[Data excerpts]

▬▬▬▬▬▬▬▬▬▬

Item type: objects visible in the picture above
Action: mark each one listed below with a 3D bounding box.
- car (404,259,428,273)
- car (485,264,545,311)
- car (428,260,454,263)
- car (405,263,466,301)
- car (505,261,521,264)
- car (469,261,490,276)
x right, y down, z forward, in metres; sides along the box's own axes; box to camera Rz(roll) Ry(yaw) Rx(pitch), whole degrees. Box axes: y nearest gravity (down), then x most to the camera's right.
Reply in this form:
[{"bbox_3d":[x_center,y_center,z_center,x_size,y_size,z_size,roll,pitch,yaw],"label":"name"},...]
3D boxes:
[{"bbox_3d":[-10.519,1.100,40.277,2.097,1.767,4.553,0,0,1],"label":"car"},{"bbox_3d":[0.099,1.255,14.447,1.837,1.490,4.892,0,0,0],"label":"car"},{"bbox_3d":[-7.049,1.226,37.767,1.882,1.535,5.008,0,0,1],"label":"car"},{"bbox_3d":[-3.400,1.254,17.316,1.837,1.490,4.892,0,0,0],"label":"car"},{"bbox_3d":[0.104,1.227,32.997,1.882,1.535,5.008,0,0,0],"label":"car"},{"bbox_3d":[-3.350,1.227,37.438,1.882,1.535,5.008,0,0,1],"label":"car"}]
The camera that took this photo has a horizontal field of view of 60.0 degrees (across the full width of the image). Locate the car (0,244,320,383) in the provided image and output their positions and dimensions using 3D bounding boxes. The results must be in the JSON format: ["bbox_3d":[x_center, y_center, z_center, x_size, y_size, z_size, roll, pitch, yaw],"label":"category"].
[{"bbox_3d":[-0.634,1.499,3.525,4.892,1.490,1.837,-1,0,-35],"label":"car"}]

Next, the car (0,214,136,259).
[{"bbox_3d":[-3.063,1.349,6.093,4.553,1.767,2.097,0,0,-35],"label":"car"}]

▬▬▬▬▬▬▬▬▬▬

Your answer must consist solely of the lines from the top of the entries above through the line containing "- car (469,261,490,276)", copied exactly, both ends included.

* [TASK RESULT]:
Item type: objects visible in the picture above
Action: mark each one listed below with a 3D bounding box.
- car (404,259,428,273)
- car (485,264,545,311)
- car (428,260,454,263)
- car (405,263,466,301)
- car (505,261,521,264)
- car (469,261,490,276)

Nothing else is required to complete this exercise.